The live schema is published at
https://www.getbifrost.ai/schema. Add "$schema": "https://www.getbifrost.ai/schema" to your config.json for IDE autocomplete and inline validation.config.json. Click the Guide links for full field-by-field documentation.
Top-Level Keys
| Key | Type | Description | Guide |
|---|---|---|---|
$schema | string | Schema URL for IDE validation. Set to "https://www.getbifrost.ai/schema" | — |
encryption_key | string | AES-256 key (derived via Argon2id). Accepts env.VAR prefix. Also read from BIFROST_ENCRYPTION_KEY env var | Client |
client | object | Worker pool, logging, CORS, auth enforcement, header filtering, MCP, compat shims | Client |
providers | object | LLM provider API keys, network settings, concurrency | Providers |
governance | object | Admin auth, virtual keys, budgets, rate limits, routing rules, customers, teams | Governance |
guardrails_config | object | Content moderation providers and CEL-based rules (enterprise only) | Guardrails |
config_store | object | Configuration database backend — SQLite, PostgreSQL, or disabled (file-only mode) | Storage |
logs_store | object | Request/response log database — SQLite, PostgreSQL + optional S3/GCS offload | Storage |
vector_store | object | Vector database for semantic cache — Weaviate, Redis, Qdrant, Pinecone, Valkey | Storage |
plugins | array | Opt-in plugins: semantic_cache, otel, maxim, datadog, custom | Plugins |
framework | object | Model pricing catalog URL and sync interval | Framework |
mcp | object | MCP server and tool configuration | — |
websocket | object | WebSocket / Realtime API connection pool tuning | WebSocket |
auth_config | object | Deprecated — use governance.auth_config | Client |
version
Controls how empty arrays in allow-list fields (models, allowed_models, key_ids, tools_to_execute) are interpreted:
| Value | Behaviour |
|---|---|
2 (default, v1.5.0+) | Empty array = deny all; ["*"] = allow all |
1 (v1.4.x compat) | Empty array = allow all |
version uses v2 semantics. Set "version": 1 only if you are migrating from v1.4.x and need the old behaviour temporarily.
client
Controls the worker pool, logging pipeline, security, and SDK shims. All fields are optional.
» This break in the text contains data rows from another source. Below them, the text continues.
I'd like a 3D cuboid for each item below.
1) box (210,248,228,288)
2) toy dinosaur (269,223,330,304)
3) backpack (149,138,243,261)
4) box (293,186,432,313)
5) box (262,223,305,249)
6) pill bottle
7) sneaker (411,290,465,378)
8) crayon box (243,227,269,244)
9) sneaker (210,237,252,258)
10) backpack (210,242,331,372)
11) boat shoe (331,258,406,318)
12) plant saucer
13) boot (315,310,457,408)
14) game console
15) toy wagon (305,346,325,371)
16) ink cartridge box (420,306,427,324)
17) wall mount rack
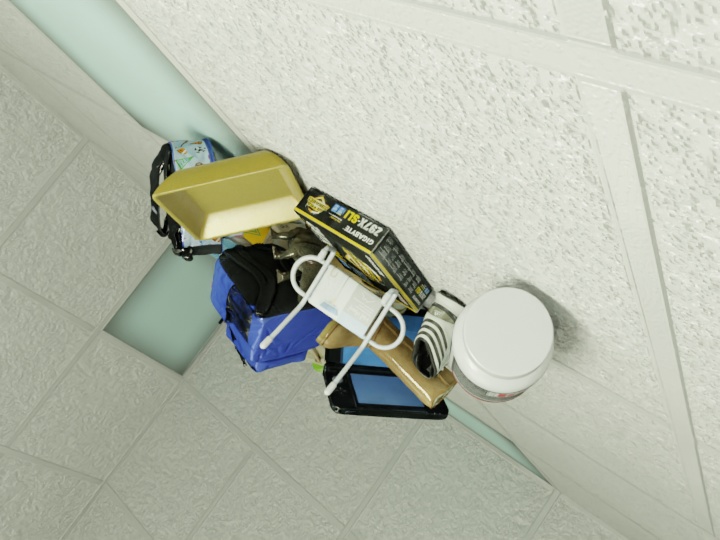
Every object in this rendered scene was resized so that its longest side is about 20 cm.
[{"bbox_3d":[-0.203,0.053,1.442,0.199,0.039,0.137,37,152,1],"label":"box"},{"bbox_3d":[-0.088,-0.028,1.158,0.200,0.101,0.078,-109,11,-56],"label":"toy dinosaur"},{"bbox_3d":[-0.283,-0.133,1.261,0.200,0.153,0.192,31,133,59],"label":"backpack"},{"bbox_3d":[0.007,-0.029,1.082,0.159,0.049,0.200,33,171,34],"label":"box"},{"bbox_3d":[-0.101,0.012,1.325,0.077,0.095,0.200,0,-139,-47],"label":"box"},{"bbox_3d":[0.163,0.089,0.851,0.115,0.116,0.200,35,171,13],"label":"pill bottle"},{"bbox_3d":[0.133,0.122,1.138,0.075,0.116,0.201,29,169,36],"label":"sneaker"},{"bbox_3d":[-0.228,-0.104,1.495,0.200,0.052,0.126,39,-172,-14],"label":"crayon box"},{"bbox_3d":[-0.220,-0.023,1.501,0.200,0.077,0.081,39,-152,8],"label":"sneaker"},{"bbox_3d":[-0.167,0.057,1.220,0.162,0.169,0.200,-6,-139,-40],"label":"backpack"},{"bbox_3d":[0.000,0.000,1.238,0.199,0.072,0.076,29,153,10],"label":"boat shoe"},{"bbox_3d":[-0.185,-0.116,1.094,0.200,0.198,0.049,66,-167,-72],"label":"plant saucer"},{"bbox_3d":[0.047,0.136,1.139,0.200,0.066,0.175,44,-147,14],"label":"boot"},{"bbox_3d":[0.045,0.149,1.207,0.198,0.117,0.176,6,-157,-13],"label":"game console"},{"bbox_3d":[-0.143,0.122,1.394,0.199,0.040,0.156,15,148,29],"label":"toy wagon"},{"bbox_3d":[0.042,0.118,1.379,0.147,0.145,0.200,35,171,1],"label":"ink cartridge box"},{"bbox_3d":[-0.042,0.069,1.046,0.199,0.175,0.075,33,-174,13],"label":"wall mount rack"}]

| Field | Type | Default | Description |
|---|---|---|---|
initial_pool_size | integer | 300 | Pre-allocated goroutines per provider queue |
drop_excess_requests | boolean | false | Return HTTP 429 when queue is full |
enable_logging | boolean | true* | Persist request/response logs (* auto-enabled when logs_store is set) |
disable_content_logging | boolean | false | Strip message content from logs |
log_retention_days | integer | 365 | Days to retain log entries |
logging_headers | array | [] | HTTP headers to capture in log metadata |
enforce_auth_on_inference | boolean | false | Require a virtual key on every /v1/* request |
allow_direct_keys | boolean | false | Allow callers to pass provider API keys directly |
allowed_origins | array | ["*"] | CORS allowed origins |
max_request_body_size_mb | integer | 100 | Maximum request body in MB |
whitelisted_routes | array | [] | Routes that bypass auth middleware |
allowed_headers | array | [] | Additional headers permitted for CORS/WebSocket |
required_headers | array | [] | Headers that must be present on every request |
header_filter_config | object | — | allowlist / denylist for x-bf-eh-* forwarded headers |
prometheus_labels | array | [] | Custom labels for all Prometheus metrics |
compat | object | — | SDK compatibility shims (should_drop_params, convert_text_to_chat, etc.) |
mcp_agent_depth | integer | 10 | Max tool-call recursion depth |
mcp_tool_execution_timeout | integer | 30 | Per-tool execution timeout in seconds |
mcp_tool_sync_interval | integer | 10 | Tool sync interval in minutes (0 = disabled) |
mcp_disable_auto_tool_inject | boolean | false | Disable automatic MCP tool injection |
async_job_result_ttl | integer | 3600 | TTL for async job results in seconds |
disable_db_pings_in_health | boolean | false | Exclude DB connectivity from /health |
routing_chain_max_depth | integer | 10 | Max routing rule chain evaluation depth |
providers
Keyed by provider name. Each entry contains a keys array and optional network_config, concurrency_and_buffer_size, proxy_config.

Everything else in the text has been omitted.